Debut de section - PermalienPhoto de Geneviève Fioraso

…et l'actualité récente est révélatrice de notre poids décroissant dans le concert européen.

C'est d'autant plus regrettable que, sur le fond même, on peut légitimement s'interroger sur les raisons qui poussent l'Union européenne à une réglementation imposant l'ouverture à tout prix du marché de l'énergie.

En réalité, cela procède toujours de la même analyse : la concurrence serait interne aux pays de l'Union européenne, alors qu'on sait bien qu'elle se situe dans les pays émergents – déjà bien émergés, d'ailleurs – comme le Brésil, l'Inde, la Corée ou la Chine. C'est donc la domination de la pensée unique, ultra-libérale, de la DG Concurrence de l'Union européenne qui, in fine, fragilise notre compétitivité et sert les intérêts américains et asiatiques, notre véritable concurrence, au détriment des intérêts européens.
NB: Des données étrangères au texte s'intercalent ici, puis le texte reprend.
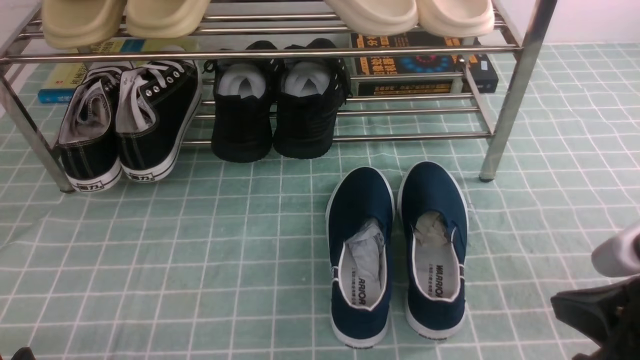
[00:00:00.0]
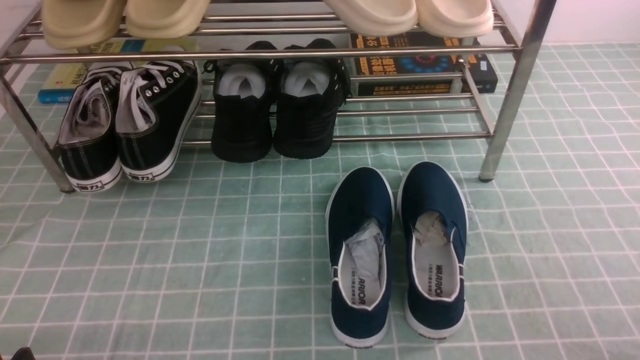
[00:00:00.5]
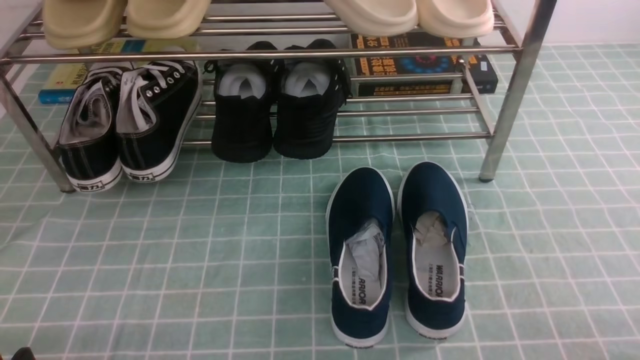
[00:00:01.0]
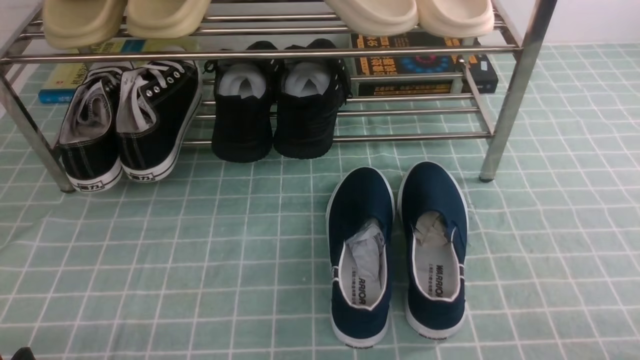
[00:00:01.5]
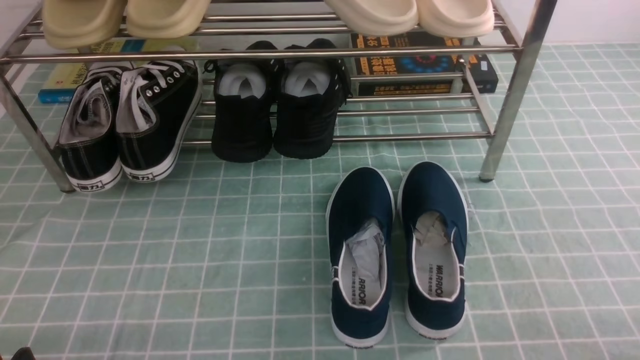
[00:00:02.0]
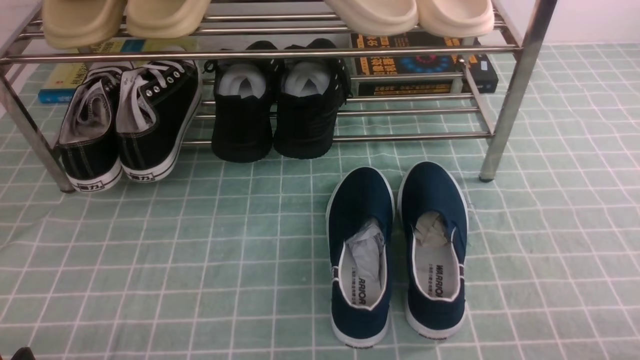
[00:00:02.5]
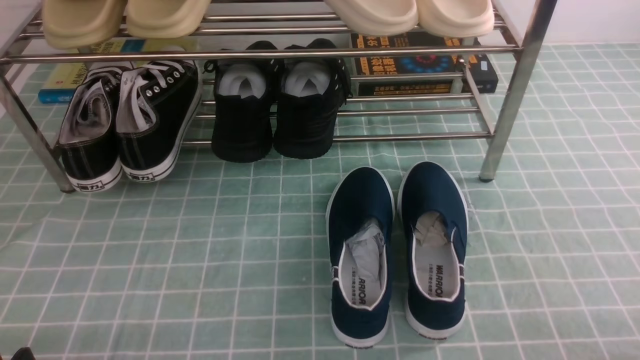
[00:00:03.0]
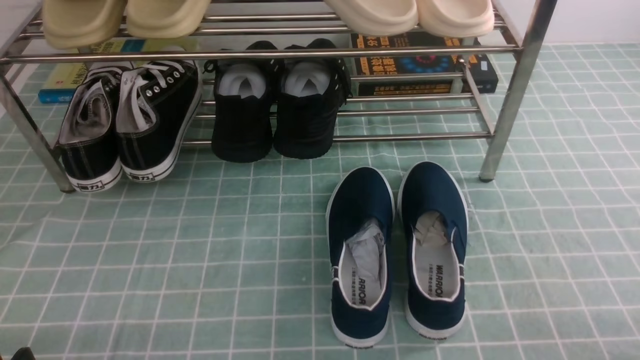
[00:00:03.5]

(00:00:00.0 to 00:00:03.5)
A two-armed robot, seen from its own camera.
00:00:00.0 - 00:00:02.0: The right gripper shifts roughly 15 cm downward, to the right and backward.
00:00:02.0 - 00:00:03.5: Both grippers stay put.

C'est un contresens qui devient vraiment grave en situation de crise économique, sociale et environnementale, par son impact négatif, en particulier sur la compétitivité de notre industrie. Avec le TARTAM, un dispositif transitoire avait pu être mis en place, préservant les emplois des industries électro-intensives, au premier rang desquelles la chimie, notre second poste à l'exportation – là où nous sommes particulièrement mauvais en général –, la microélectronique, les cimenteries, les papeteries. Voulons-nous perdre tous ces emplois industriels et les emplois induits et indirects, en aval et en amont ? Ces industries font d'ailleurs des efforts importants pour rendre leur procédés de fabrication plus économes en énergie, avec un impact moindre sur l'environnement. Vous savez comme moi que la suppression à court terme de tarifs régulés adaptés à ces industries ne manquera pas d'entraîner des délocalisations supplémentaires au profit de pays à moindre coût salarial et utilisant l'énergie fossile génératrice d'émissions de gaz à effet de serre.
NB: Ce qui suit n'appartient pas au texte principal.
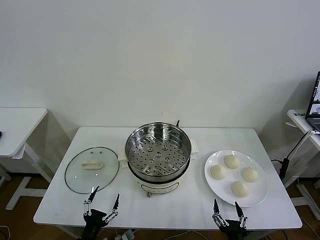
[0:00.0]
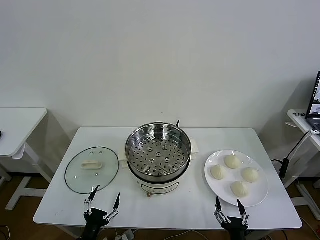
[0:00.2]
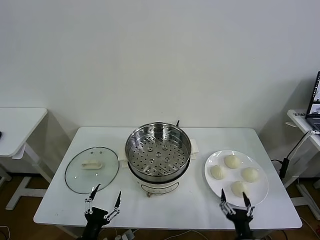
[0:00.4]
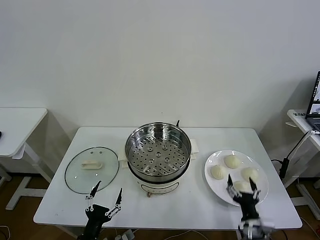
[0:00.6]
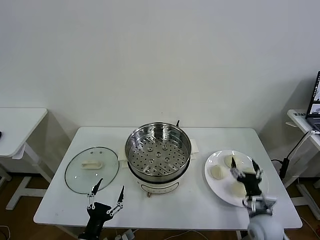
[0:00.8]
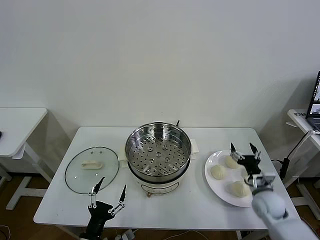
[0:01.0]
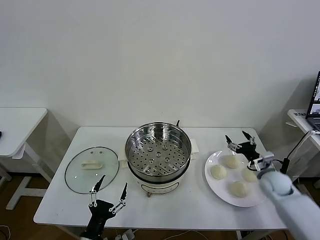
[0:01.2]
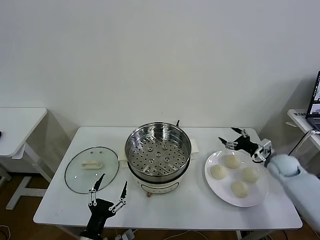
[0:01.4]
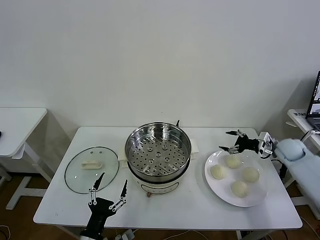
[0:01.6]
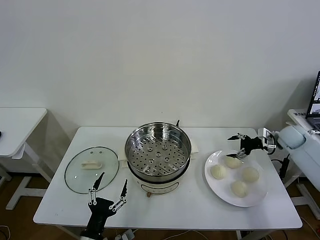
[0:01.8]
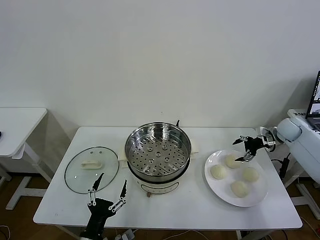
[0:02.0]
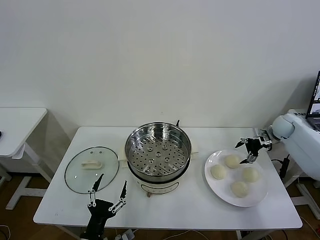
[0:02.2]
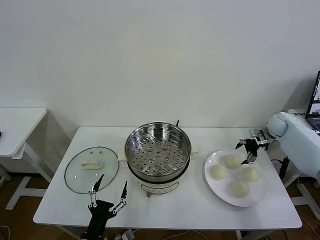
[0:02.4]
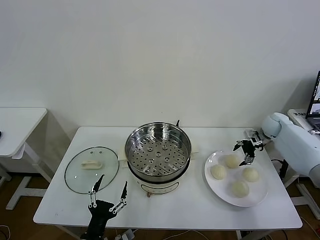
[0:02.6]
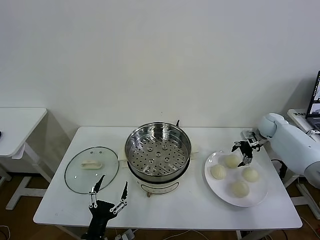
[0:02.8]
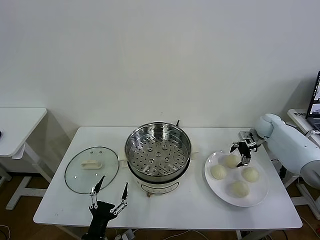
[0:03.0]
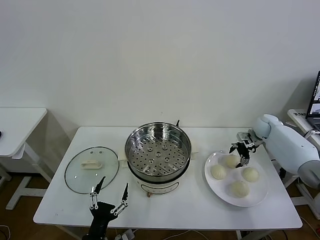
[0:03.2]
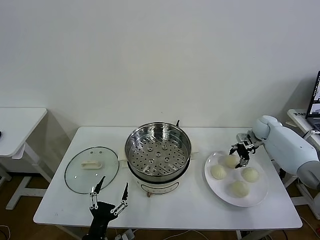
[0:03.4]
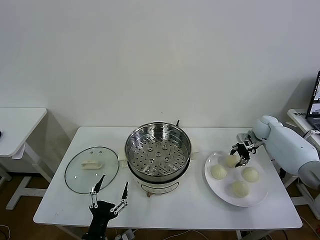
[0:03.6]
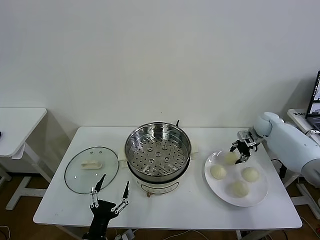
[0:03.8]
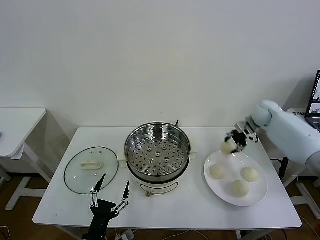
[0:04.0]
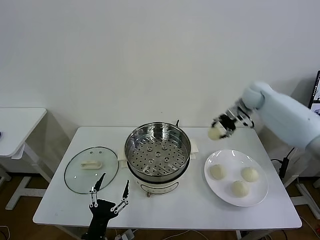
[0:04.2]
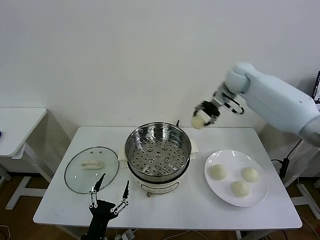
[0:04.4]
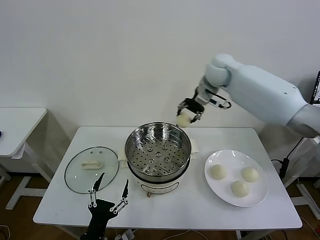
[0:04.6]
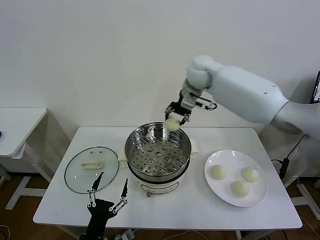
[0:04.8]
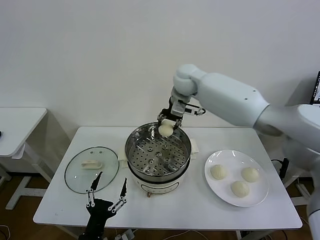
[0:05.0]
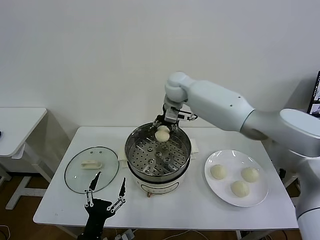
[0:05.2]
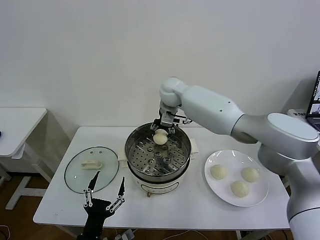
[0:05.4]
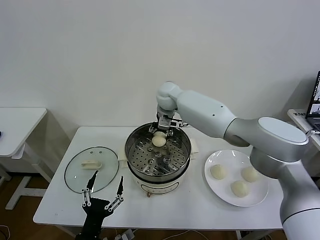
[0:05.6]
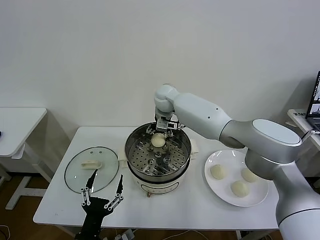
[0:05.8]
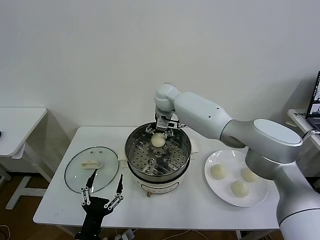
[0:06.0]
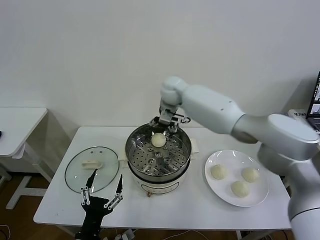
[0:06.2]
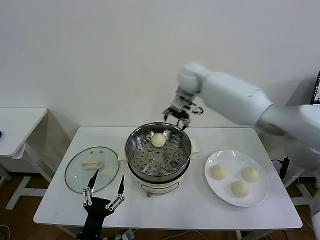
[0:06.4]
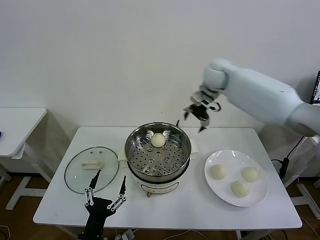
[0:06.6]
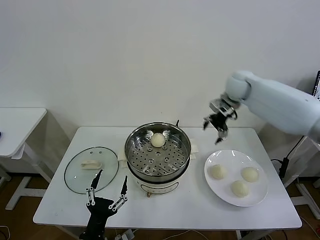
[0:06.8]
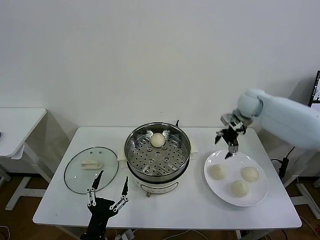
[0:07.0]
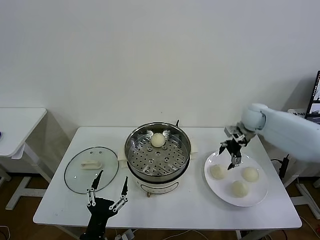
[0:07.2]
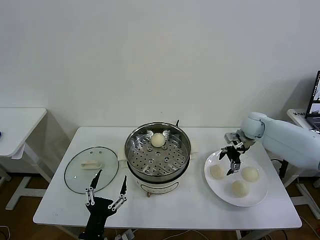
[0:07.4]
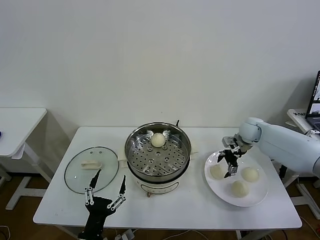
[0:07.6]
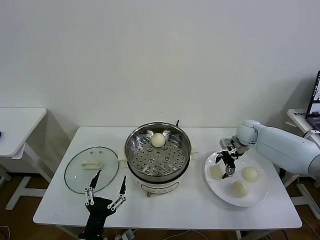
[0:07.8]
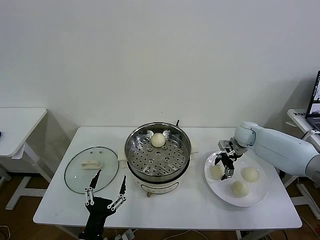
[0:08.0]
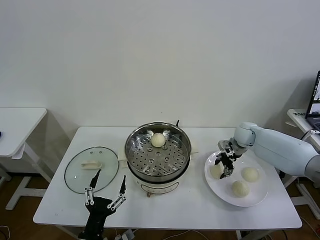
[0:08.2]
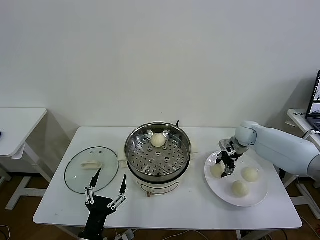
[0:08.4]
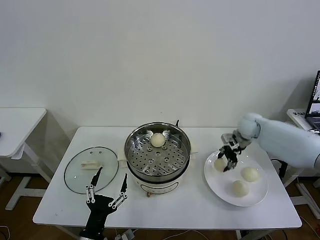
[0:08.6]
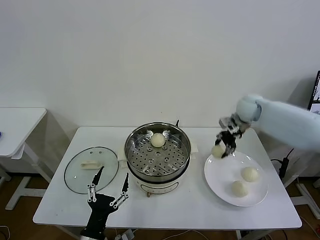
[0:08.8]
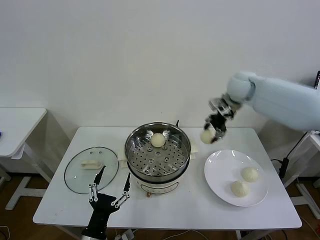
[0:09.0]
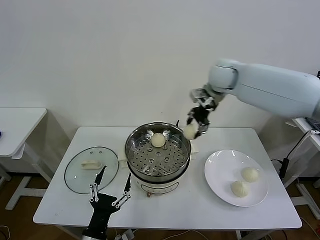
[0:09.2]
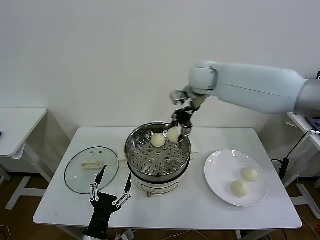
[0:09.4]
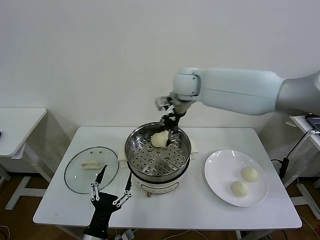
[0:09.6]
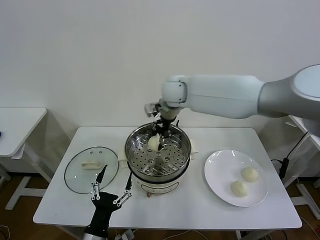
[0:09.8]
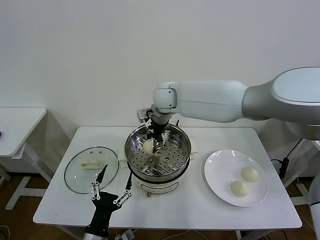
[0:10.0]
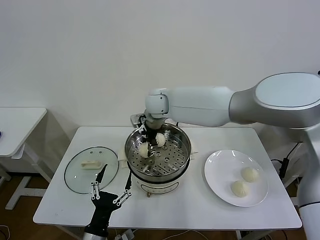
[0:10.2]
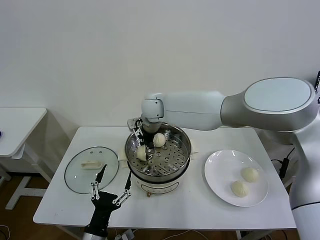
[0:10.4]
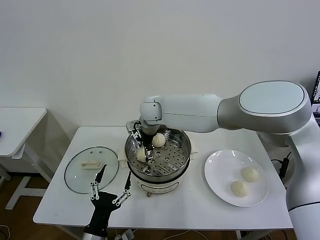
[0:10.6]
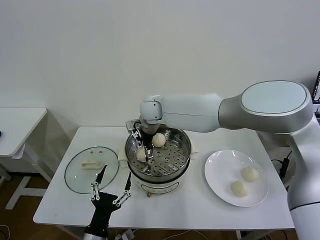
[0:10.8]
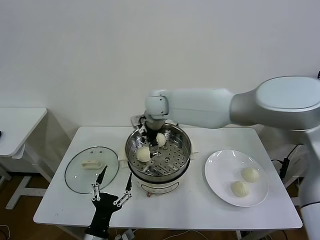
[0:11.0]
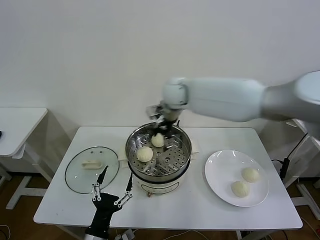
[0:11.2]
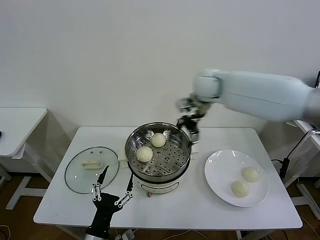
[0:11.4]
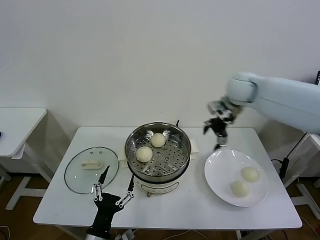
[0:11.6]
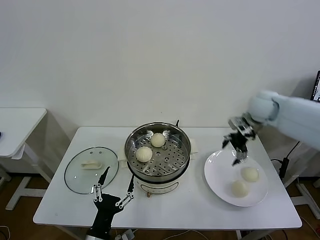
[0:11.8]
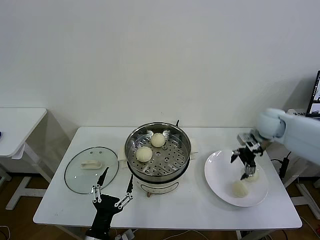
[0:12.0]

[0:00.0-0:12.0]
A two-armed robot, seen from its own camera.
Task of the whole recording: take steamed baozi put them in steamer then cover it.
Step, 0.0 to 3.6 s: Grasp the baozi in the plate with right gripper.
Step, 3.8 to 6.0 s: Place the baozi on the steamer with right gripper.
Step, 6.2 to 8.2 s: Grasp the baozi in the plate with right gripper.
Step, 8.4 to 10.6 s: Place the baozi on the steamer with right gripper.
1.6 to 3.0 s: The right gripper goes approximately 10 cm forward.
3.0 to 4.4 s: The right gripper shifts some 30 cm upward and to the left, and closes its fingers.
4.4 to 6.0 s: The right gripper shifts some 25 cm to the left, and opens.
6.0 to 7.6 s: The right gripper moves to the right, about 35 cm.
7.6 to 9.0 s: The right gripper travels upward and to the left by approximately 20 cm, and closes its fingers.
9.0 to 10.4 s: The right gripper travels to the left by roughly 30 cm.
10.4 to 12.0 s: The right gripper travels to the right by about 40 cm, and opens up.

Êtes-vous prêts à assumer la délocalisation de la chimie, de la microélectronique, des cimenteries dans des pays où les conditions de production, à la fois sur le plan social et celui de la sécurité industrielle et environnementale, sont loin d'être aussi favorables qu'en Europe et, singulièrement, en France ? Comment, en tant que ministre du développement durable, M. Borloo peut-il sérieusement encourager un tel transfert dommageable à la fois à l'emploi dans notre pays et à l'impact environnemental sur notre planète ? C'est tout simplement incompréhensible.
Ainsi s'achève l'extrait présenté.